Il Financial Times è un giornale da tutti ritenuto autorevole, forse il più autorevole per quanto riguarda il mondo dell’economia e della finanza. Non a caso viene citato a piene mani da tutti i concorrenti, italiani compresi.
Peccato che altrettanta attenzione non venga riservata al sito Internet del quotidiano della City, per esattezza al suo aggiornatissimo blog AlphavilleFT: facendolo, infatti, il 19 gennaio scorso si sarebbe scoperto un articolo dal titolo molto interessante: «L’esposizione di Unicredit nell’Est».
Nulla di totalmente inedito, visto che i guai dell’istituto di Alessandro Profumo sono noti così come la sua mission di banca internazionale più che banca classica. Leggendo quell’articolo, però si scopre che il Market Implied Rating (MIR) group di Moody’s, l’agenzia di rating, lancia un grido d’allarme e anche un’accusa non troppo velata alla casamadre: l’attuale rating dei credit default swaps – sorta di assicurazione sul rischio del crollo di un’entità terza, in questo caso Unicredit – dell’istituto bancario sarebbe «esageratamente ottimistico sul livello di rischio del credito della banca».
Insomma, quell’A1 – abbassato di poco dal recente Aa1 – non rispecchia il reale valore a cui vengono trattati i cds di Unicredit e quindi non rispecchia il reale rischio di crollo rispetto all’esposizione dell’istituto verso i paesi dell’Est europei, travolti dalla crisi e percorsi in alcuni casi da pesanti manifestazioni di dissenso con cortei di massa e scontri nelle piazze.
Nonostante Moody’s si sia affrettata a dire che il giudizio di MIR non rispecchia il proprio, a nessuno sfugge l’adagio che proprio per MIR inventò David Munves lo scorso anno: «Quell’unità serve a pubblicizzare i punti sui quali il mercato non è d’accordo con Moody’s».

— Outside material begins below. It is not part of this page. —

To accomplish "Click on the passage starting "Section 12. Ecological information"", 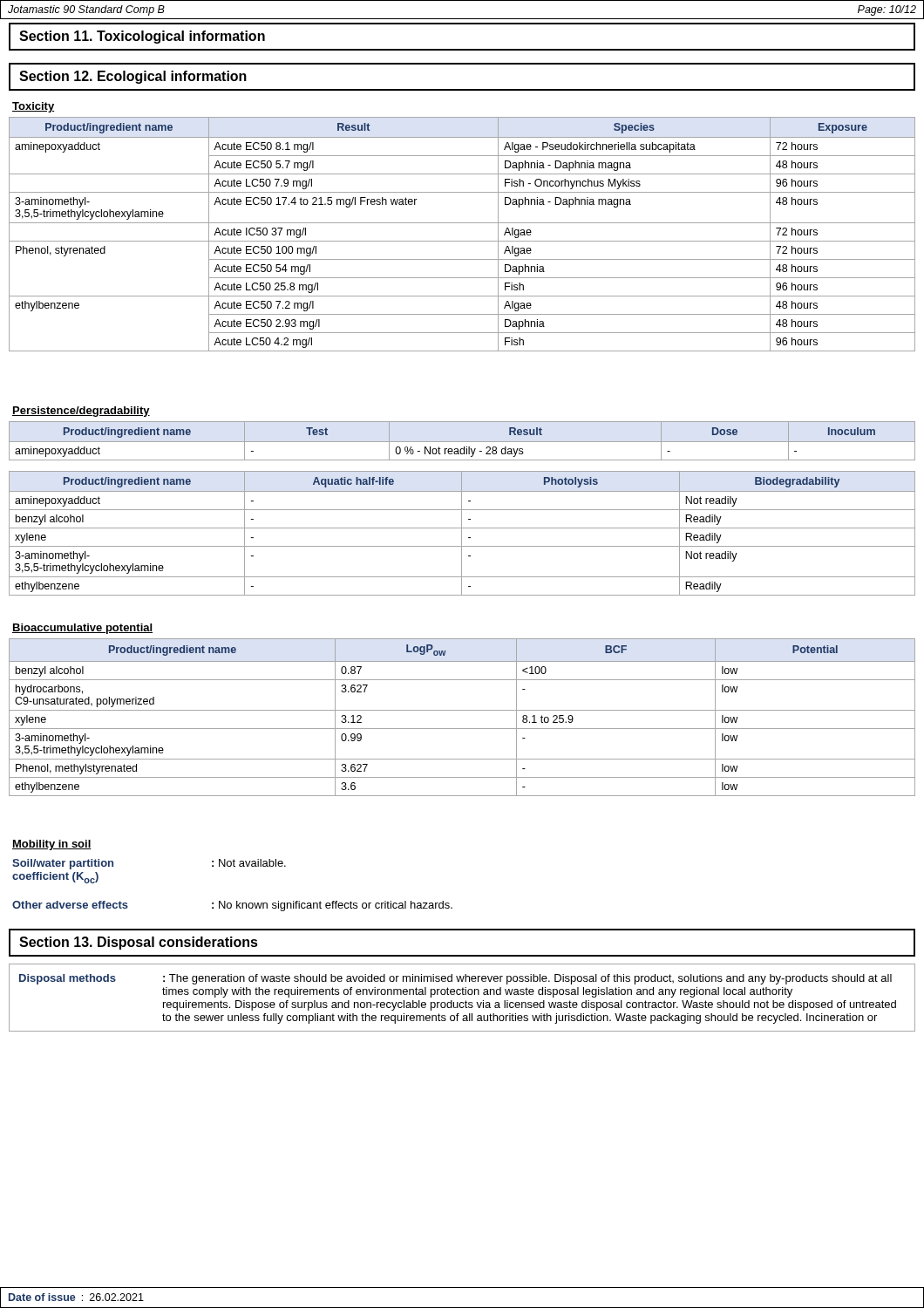I will 462,77.
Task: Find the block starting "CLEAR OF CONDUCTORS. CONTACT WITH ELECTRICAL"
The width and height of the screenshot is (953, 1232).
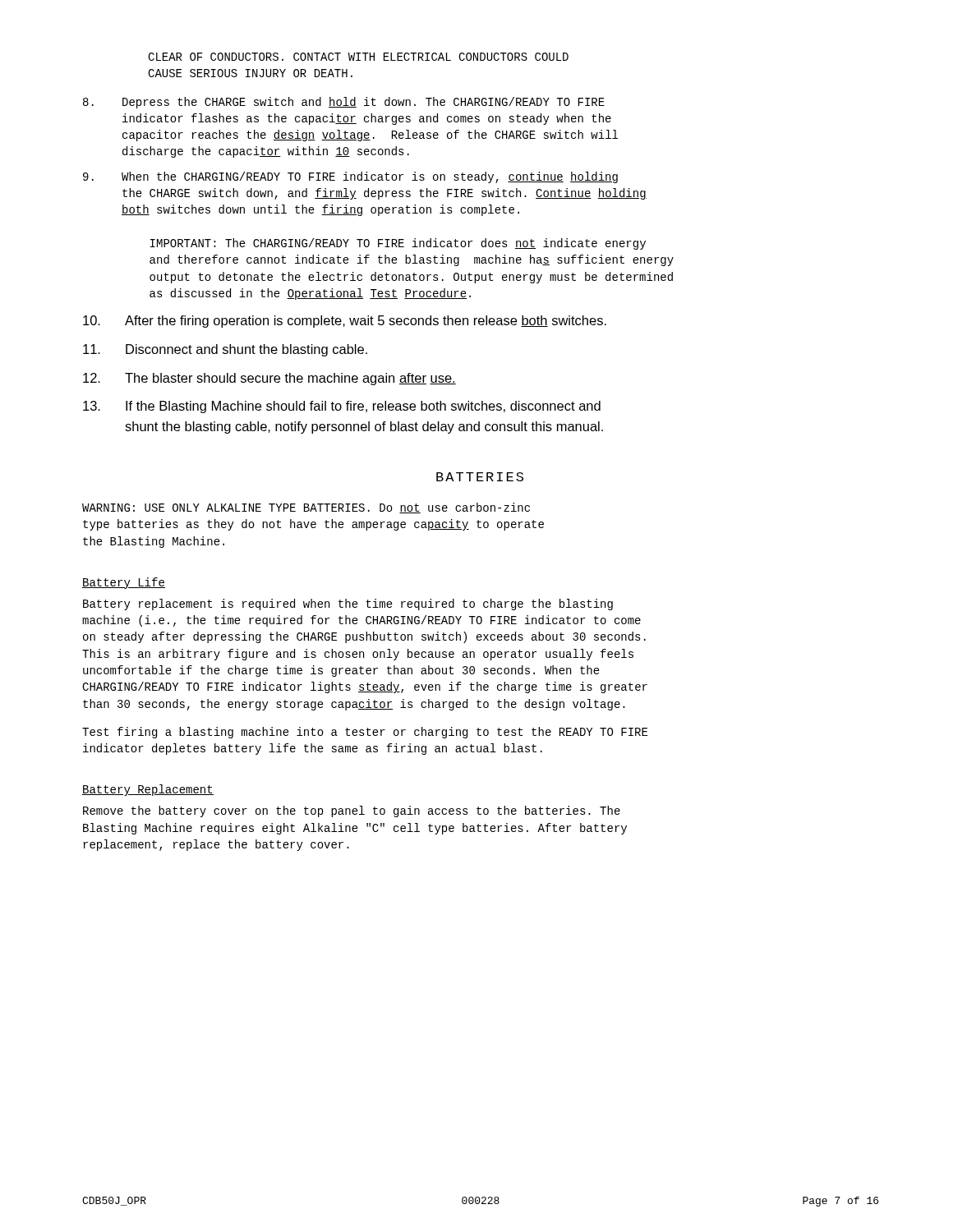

E in questo caso si tratta del grado di esposizione creditoria di Unicredit verso i Paesi dell’Est a creare il vulnus: quelle nazioni, prima dell’esplodere della crisi, viaggiavano con tassi di crescita cinesi basati sia sui prestiti stranieri sia sull’export. Ora però la capacità di ripagare quei debiti sta diventando molto più a rischio, visto che ad esempio un paese come la Polonia – dove UniCredit ha la maggiore esposizione – vede il proprio sistema bancario sotto accusa e soprattutto i propri cds sul debito schizzati a 243 punti base venerdì scorso: insomma, il rischio paese è enorme.

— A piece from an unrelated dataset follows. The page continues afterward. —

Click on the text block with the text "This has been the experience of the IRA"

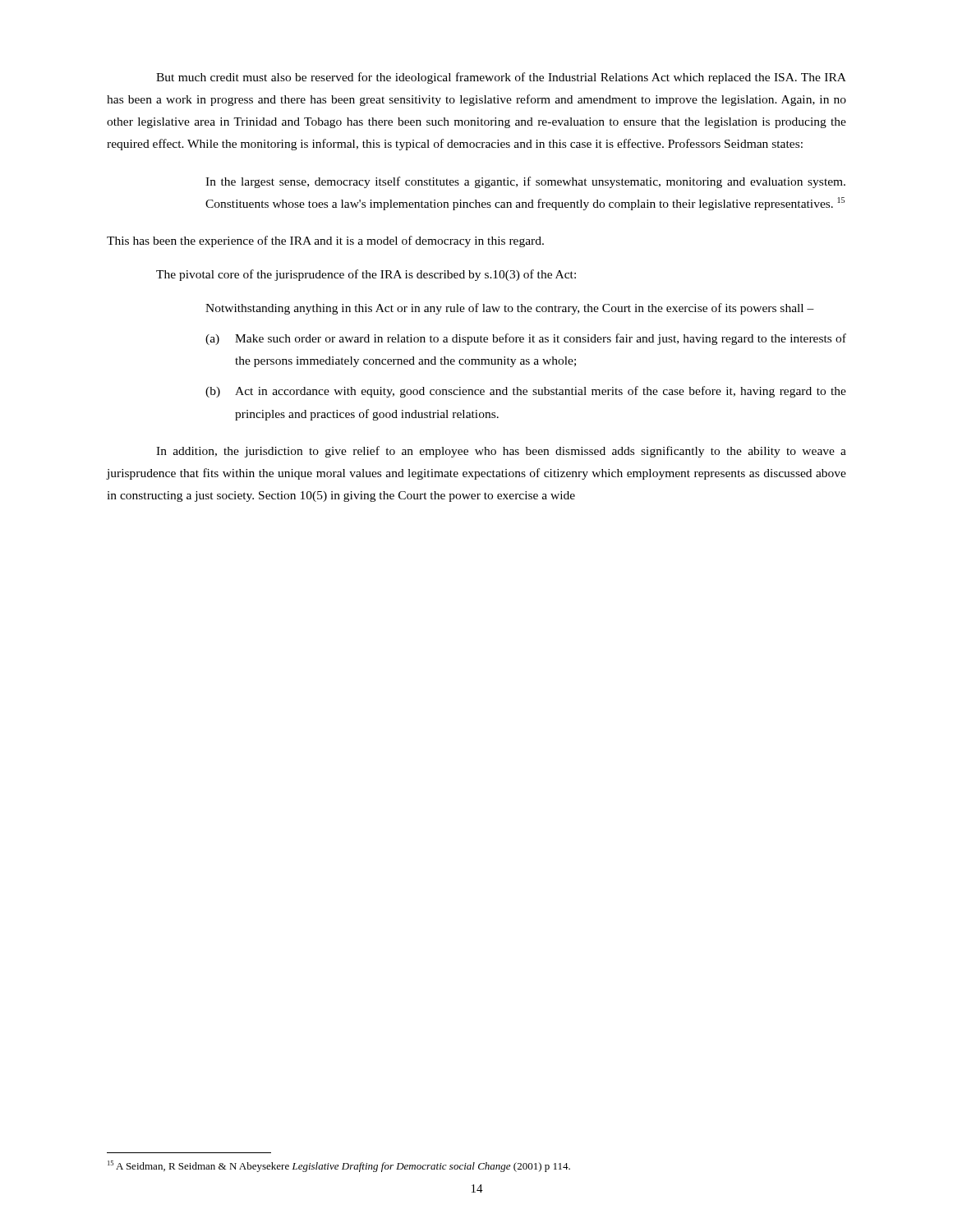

Anche perché la Polonia ha basato molto il suo sviluppo-record sulle rimesse dei suoi moltissimi cittadini andati a lavorare all’estero: ora, con i tassi di disoccupazione alle stelle, quei soldi vengono meno quasi di colpo. Per MIR l’indicatore dei cds polacchi si trasforma in un rating-implied di Baa1 mentre Moody’s gli ha affibbiato un A2: totalmente discrepante. Inoltre, i prestiti di Unicredit verso Paesi del centro ed Est Europa rappresentavano il 13 per cento degli assets di Unicredit nel 2007, i quali a loro volta rappresentano il 21 per cento delle entrate dell’istituto stando ai dati del terzo trimestre.
A questo poi va aggiunto il fatto che le monete di quei paesi sono crollate di valore con la crisi e quindi i costi per assicurare queste esposizione sale: quel costo va sostenuto dalla banca o dal recettore del prestito, comunque a un prezzo molto più alto di quello previsto all’atto della sottoscrizione. Insomma, i rischi crescono anche se un default contemporaneo di Polonia e Turchia, i principali paesi esposti verso Unicredit, è quantomeno improbabile, se non tecnicamente impossibile.

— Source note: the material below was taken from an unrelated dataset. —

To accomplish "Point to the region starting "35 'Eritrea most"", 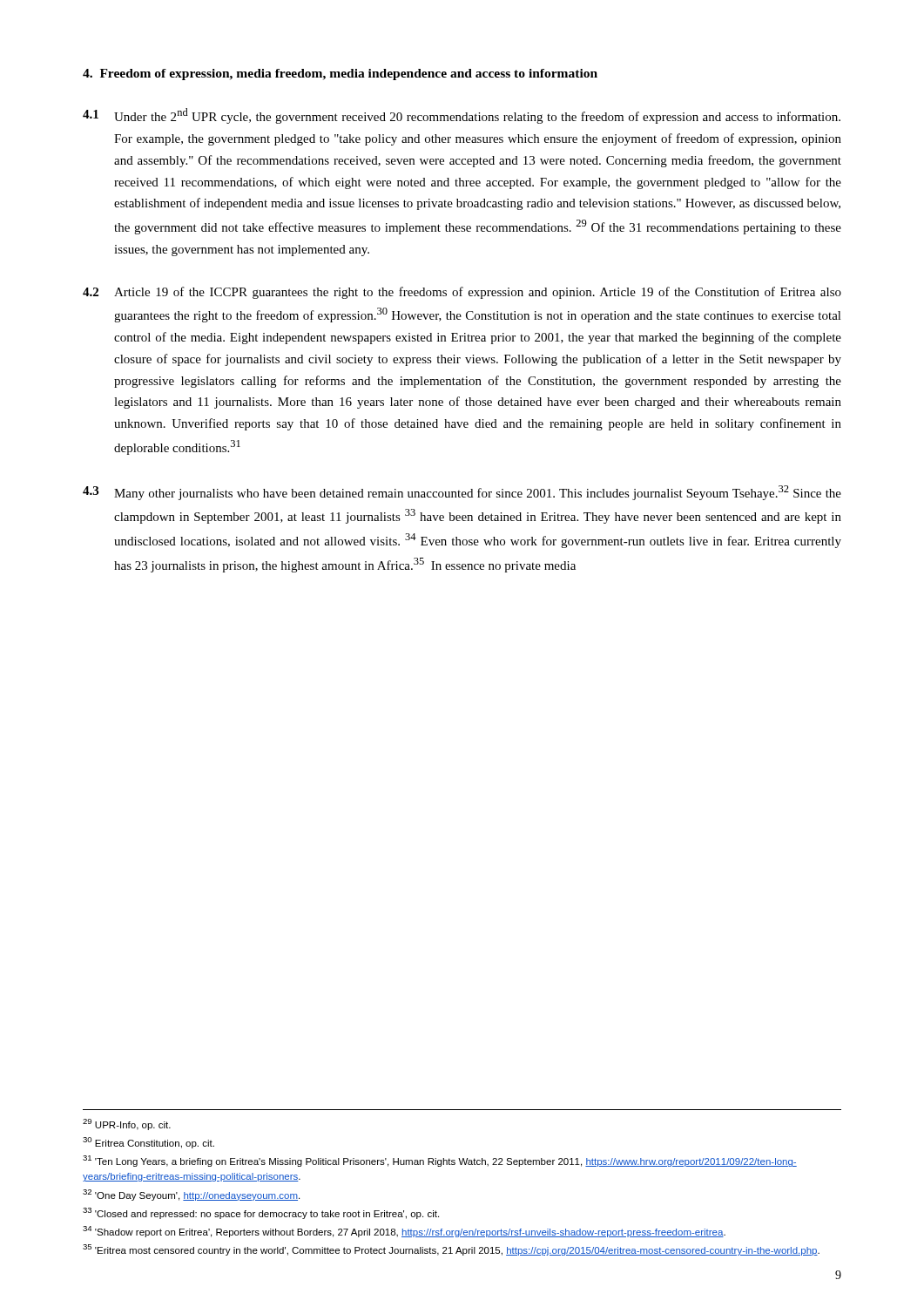I will coord(451,1248).

Resta comunque il silenzio tombale sui timori dei mercati rispetto allo stato di salute di una delle due principali banche italiane, il tutto mentre tra Bankitalia e il ministero dell’Economia sta andando in scena un balletto poco edificante rispetto ai timori degli istituti bancari per i prospettati bond di Tremonti, al cui costo per le banche vanno poi sommate le condizioni accessorie e soprattutto l’adozione del codice etico, anticamera di dimissioni forzatamente richieste dalla politica se non dal mercato.